◆ PROVIDED DATA:
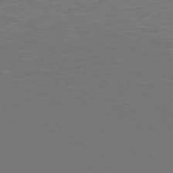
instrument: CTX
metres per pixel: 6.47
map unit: Hpe
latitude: 78.1578
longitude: -166.2144
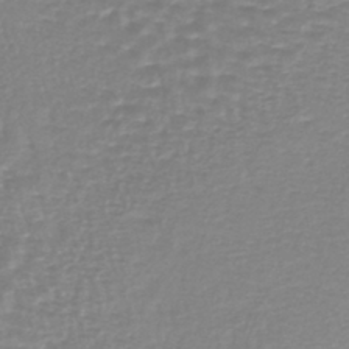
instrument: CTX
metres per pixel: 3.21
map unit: lHb
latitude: -40.6329
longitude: 64.5763
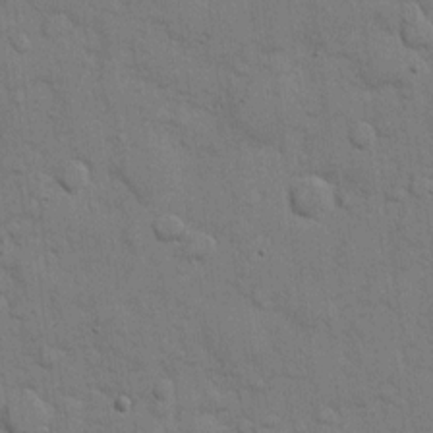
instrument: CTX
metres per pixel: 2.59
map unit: eHh
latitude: 10.7624
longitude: -67.1970
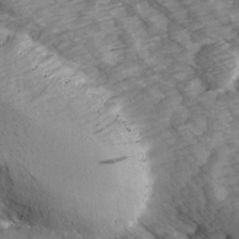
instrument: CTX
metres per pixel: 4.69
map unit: Ave
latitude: 15.3482
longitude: -103.3859
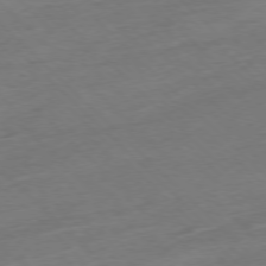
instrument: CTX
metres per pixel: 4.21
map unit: Ap
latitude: -77.5399
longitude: -98.6679
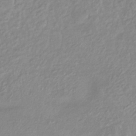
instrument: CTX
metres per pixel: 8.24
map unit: lHb
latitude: -36.3306
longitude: 69.8611
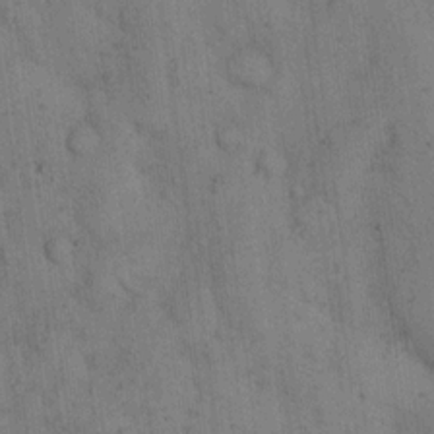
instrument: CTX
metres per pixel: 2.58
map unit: eHh
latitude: 15.6316
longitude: -63.2159
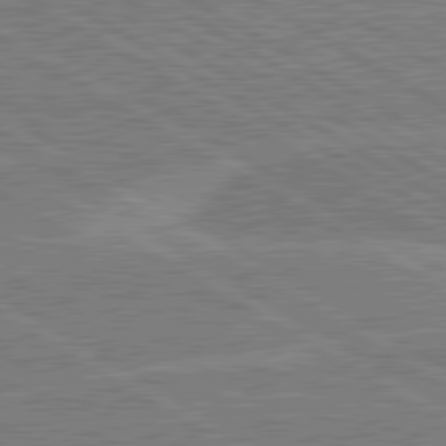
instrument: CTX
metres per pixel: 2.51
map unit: lApd
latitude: 80.6490
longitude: 169.7666
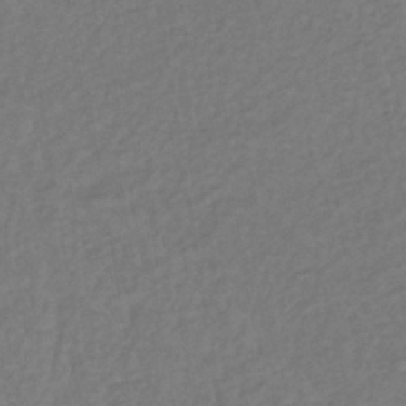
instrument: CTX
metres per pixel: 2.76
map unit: lHb
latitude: -38.7085
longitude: 70.6708
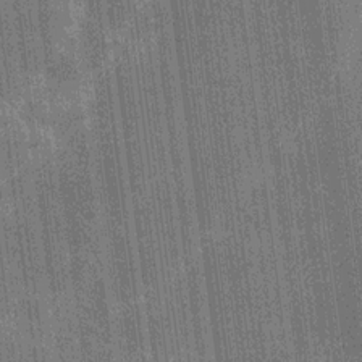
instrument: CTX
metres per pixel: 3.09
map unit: Ave
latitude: 15.4616
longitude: -138.3089
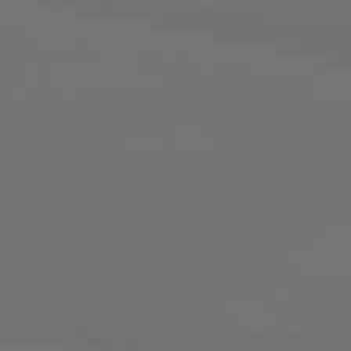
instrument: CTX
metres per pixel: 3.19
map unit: lApd
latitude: 79.9906
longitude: 176.9920
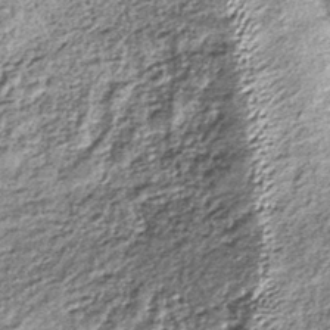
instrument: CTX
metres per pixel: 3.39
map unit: lHb
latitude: -38.3495
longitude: 67.8612
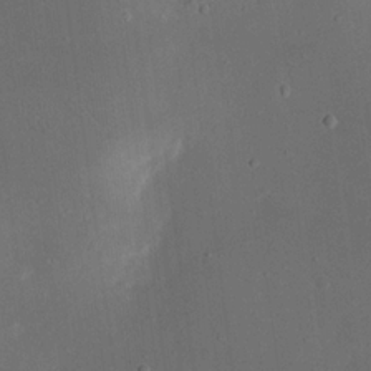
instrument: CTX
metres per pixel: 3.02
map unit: eHh
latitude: 18.1766
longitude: -70.8191
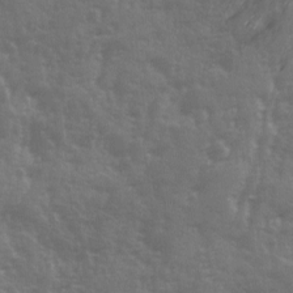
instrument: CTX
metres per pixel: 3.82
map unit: Ave
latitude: 12.7435
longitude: -103.4804
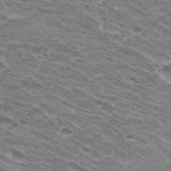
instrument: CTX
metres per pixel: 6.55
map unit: Hto
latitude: 31.8962
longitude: -42.1578
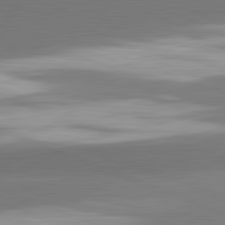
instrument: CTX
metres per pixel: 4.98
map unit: lApd
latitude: 82.2333
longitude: 153.3509
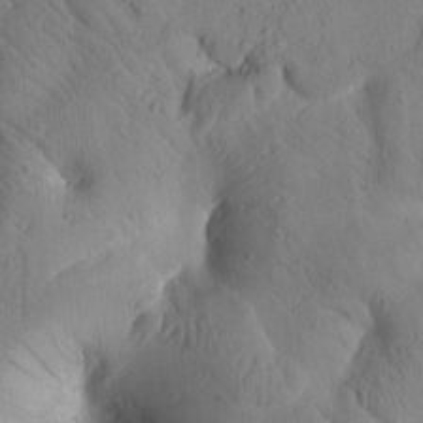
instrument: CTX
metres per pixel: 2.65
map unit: Htu
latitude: 1.6694
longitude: 175.8233
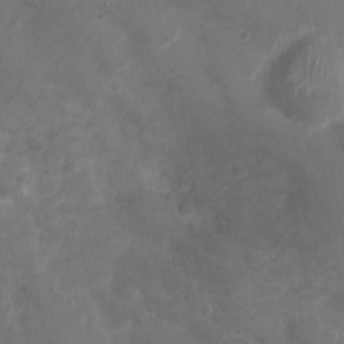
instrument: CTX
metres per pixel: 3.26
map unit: Nhu
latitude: 3.4048
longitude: -15.1781
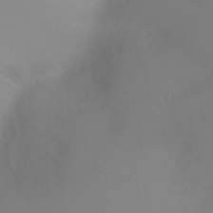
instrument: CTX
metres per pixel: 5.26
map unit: Ht
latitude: -4.9730
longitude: -28.0633
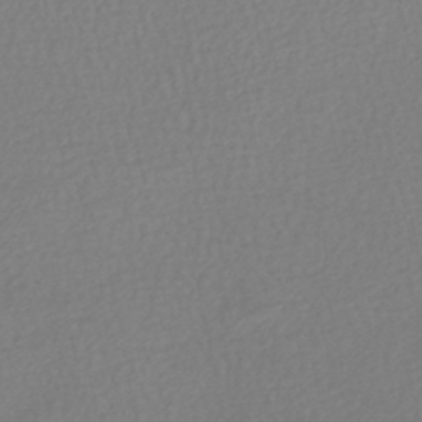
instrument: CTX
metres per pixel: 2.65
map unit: HNhu
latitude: -47.5399
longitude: 103.5210
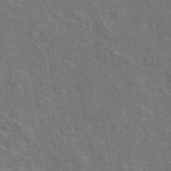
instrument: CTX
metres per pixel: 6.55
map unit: eAb
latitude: 43.5560
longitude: 107.6344
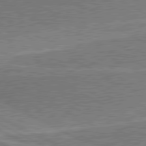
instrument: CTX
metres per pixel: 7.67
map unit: lApd
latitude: 80.5924
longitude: 141.1431
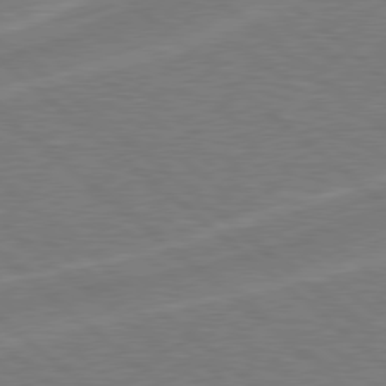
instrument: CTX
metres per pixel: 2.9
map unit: Hpe
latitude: 78.4034
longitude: -152.8758
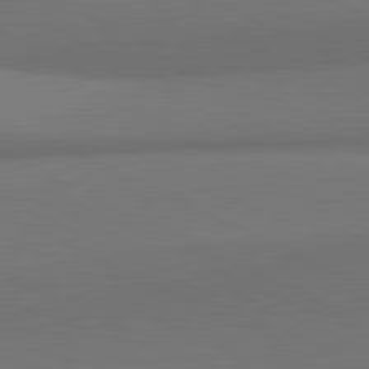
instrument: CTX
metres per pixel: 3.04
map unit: lApd
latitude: 81.8016
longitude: 154.7652
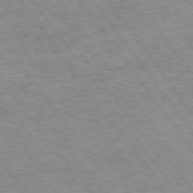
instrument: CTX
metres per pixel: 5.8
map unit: Hpe
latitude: 74.9892
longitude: -155.9906
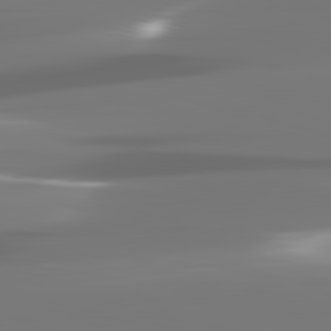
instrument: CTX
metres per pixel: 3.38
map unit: lApd
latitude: 82.2522
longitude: -145.7072

◆ TASK OBJECTIVE: Give the records again exactly as they stand, so that only the pictures are missing.

◆ WRITTEN RESPONSE:
instrument: CTX
metres per pixel: 6.47
map unit: Hpe
latitude: 78.1578
longitude: -166.2144
instrument: CTX
metres per pixel: 3.21
map unit: lHb
latitude: -40.6329
longitude: 64.5763
instrument: CTX
metres per pixel: 2.59
map unit: eHh
latitude: 10.7624
longitude: -67.1970
instrument: CTX
metres per pixel: 4.69
map unit: Ave
latitude: 15.3482
longitude: -103.3859
instrument: CTX
metres per pixel: 4.21
map unit: Ap
latitude: -77.5399
longitude: -98.6679
instrument: CTX
metres per pixel: 8.24
map unit: lHb
latitude: -36.3306
longitude: 69.8611
instrument: CTX
metres per pixel: 2.58
map unit: eHh
latitude: 15.6316
longitude: -63.2159
instrument: CTX
metres per pixel: 2.51
map unit: lApd
latitude: 80.6490
longitude: 169.7666
instrument: CTX
metres per pixel: 2.76
map unit: lHb
latitude: -38.7085
longitude: 70.6708
instrument: CTX
metres per pixel: 3.09
map unit: Ave
latitude: 15.4616
longitude: -138.3089
instrument: CTX
metres per pixel: 3.19
map unit: lApd
latitude: 79.9906
longitude: 176.9920
instrument: CTX
metres per pixel: 3.39
map unit: lHb
latitude: -38.3495
longitude: 67.8612
instrument: CTX
metres per pixel: 3.02
map unit: eHh
latitude: 18.1766
longitude: -70.8191
instrument: CTX
metres per pixel: 3.82
map unit: Ave
latitude: 12.7435
longitude: -103.4804
instrument: CTX
metres per pixel: 6.55
map unit: Hto
latitude: 31.8962
longitude: -42.1578
instrument: CTX
metres per pixel: 4.98
map unit: lApd
latitude: 82.2333
longitude: 153.3509
instrument: CTX
metres per pixel: 2.65
map unit: Htu
latitude: 1.6694
longitude: 175.8233
instrument: CTX
metres per pixel: 3.26
map unit: Nhu
latitude: 3.4048
longitude: -15.1781
instrument: CTX
metres per pixel: 5.26
map unit: Ht
latitude: -4.9730
longitude: -28.0633
instrument: CTX
metres per pixel: 2.65
map unit: HNhu
latitude: -47.5399
longitude: 103.5210
instrument: CTX
metres per pixel: 6.55
map unit: eAb
latitude: 43.5560
longitude: 107.6344
instrument: CTX
metres per pixel: 7.67
map unit: lApd
latitude: 80.5924
longitude: 141.1431
instrument: CTX
metres per pixel: 2.9
map unit: Hpe
latitude: 78.4034
longitude: -152.8758
instrument: CTX
metres per pixel: 3.04
map unit: lApd
latitude: 81.8016
longitude: 154.7652
instrument: CTX
metres per pixel: 5.8
map unit: Hpe
latitude: 74.9892
longitude: -155.9906
instrument: CTX
metres per pixel: 3.38
map unit: lApd
latitude: 82.2522
longitude: -145.7072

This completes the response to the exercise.